I think I’m missing something.

One Thread

$ time julia test.jl
[ Info: worker 1 executing on thread 1 
[ Info: sleeper 1 executing on thread 1 
  9.999948 seconds
[ Info: worker 1 finished. result: 2.625177517116156e7
 10.011311 seconds (110 allocations: 7.266 KiB)
[ Info: sleeper 1 finished
[ Info: worker 1 executing on thread 1 
[ Info: sleeper 2 executing on thread 1 
  9.999098 seconds[ Info: mainspin 2 executing on thread 1 

[ Info: worker 1 finished. result: 2.629067438458048e7
  4.999161 seconds
[ Info: mainspin 2 finished 
 10.006247 seconds (31.71 k allocations: 2.278 MiB, 0.58% compilation time)
[ Info: sleeper 2 finished

real	0m40.593s
user	0m25.567s
sys	0m0.249s

Eight Threads

[ Info: worker 1 executing on thread 5 
[ Info: sleeper 1 executing on thread 2 
  9.999632 seconds (62.01 k allocations: 4.402 MiB)
[ Info: worker 1 finished. result: 2.602267984094845e7
 10.001198 seconds (318 allocations: 18.039 KiB, 0.16% compilation time)
[ Info: sleeper 1 finished
[ Info: worker 1 executing on thread 2 
[ Info: sleeper 2 executing on thread 8 
[ Info: mainspin 2 executing on thread 1 
  9.999569 seconds (74.30 k allocations: 5.268 MiB, 1.14% compilation time)
 10.057717 seconds (31.54 k allocations: 2.268 MiB, 1.14% compilation time)
  4.999752 seconds (24 allocations: 2.383 KiB)
[ Info: worker 1 finished. result: 1.6082932726529311e7
[ Info: sleeper 2 finished
[ Info: mainspin 2 finished 

real	0m20.730s
user	0m22.084s
sys	0m3.818s

I think the OP is trying to tell me that the 1 thread case takes 44 seconds on some system, but I’m counting at most 41 seconds by stop watch.

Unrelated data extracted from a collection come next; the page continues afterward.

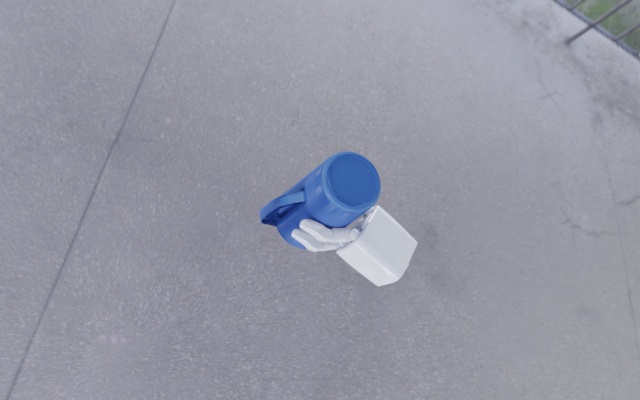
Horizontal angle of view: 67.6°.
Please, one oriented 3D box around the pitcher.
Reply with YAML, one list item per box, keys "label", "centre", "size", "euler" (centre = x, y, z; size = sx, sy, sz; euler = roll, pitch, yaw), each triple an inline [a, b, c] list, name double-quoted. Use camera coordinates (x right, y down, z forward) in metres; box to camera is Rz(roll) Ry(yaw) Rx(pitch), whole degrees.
- label: "pitcher"
  centre: [0.000, 0.003, 0.872]
  size: [0.145, 0.149, 0.243]
  euler: [41, -27, -5]
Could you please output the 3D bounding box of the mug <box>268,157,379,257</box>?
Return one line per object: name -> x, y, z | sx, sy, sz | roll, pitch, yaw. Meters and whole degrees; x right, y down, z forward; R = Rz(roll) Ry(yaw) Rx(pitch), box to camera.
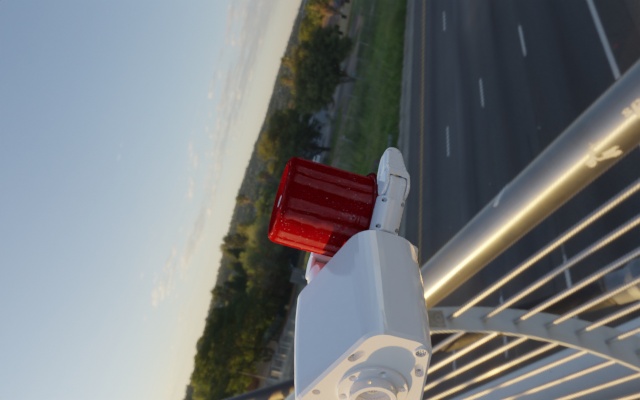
mug -> 0.000, 0.001, 0.456 | 0.081, 0.093, 0.117 | 15, 31, -9
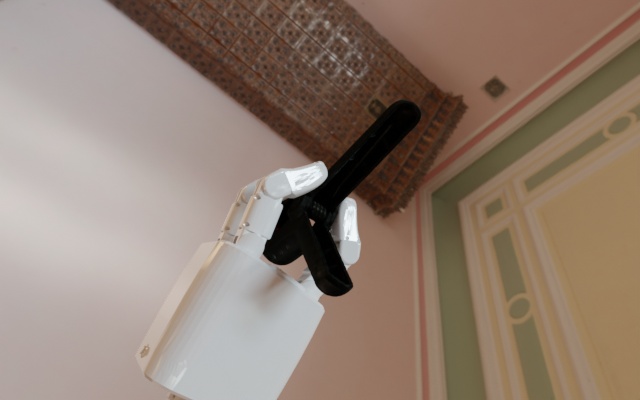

I’m running this on one of my older systems.

julia> versioninfo()
Julia Version 1.9.0
Commit 8e630552924 (2023-05-07 11:25 UTC)
Platform Info:
  OS: Linux (x86_64-linux-gnu)
  CPU: 8 × AMD FX(tm)-8350 Eight-Core Processor
  WORD_SIZE: 64
  LIBM: libopenlibm
  LLVM: libLLVM-14.0.6 (ORCJIT, bdver1)
  Threads: 1 on 8 virtual cores

Edit: I got the same results with Julia 1.9.2

Julia Version 1.9.2
Commit e4ee485e909 (2023-07-05 09:39 UTC)
Platform Info:
  OS: Linux (x86_64-linux-gnu)
  CPU: 8 × AMD FX(tm)-8350 Eight-Core Processor
  WORD_SIZE: 64
  LIBM: libopenlibm
  LLVM: libLLVM-14.0.6 (ORCJIT, bdver1)
  Threads: 1 on 8 virtual cores
1 Like

…and I can replicate these timings on a single thread. The code in the OP now was based on a commented edit I based on the original code, there must’ve been a change somewhere that affected the timings but the comments weren’t updated.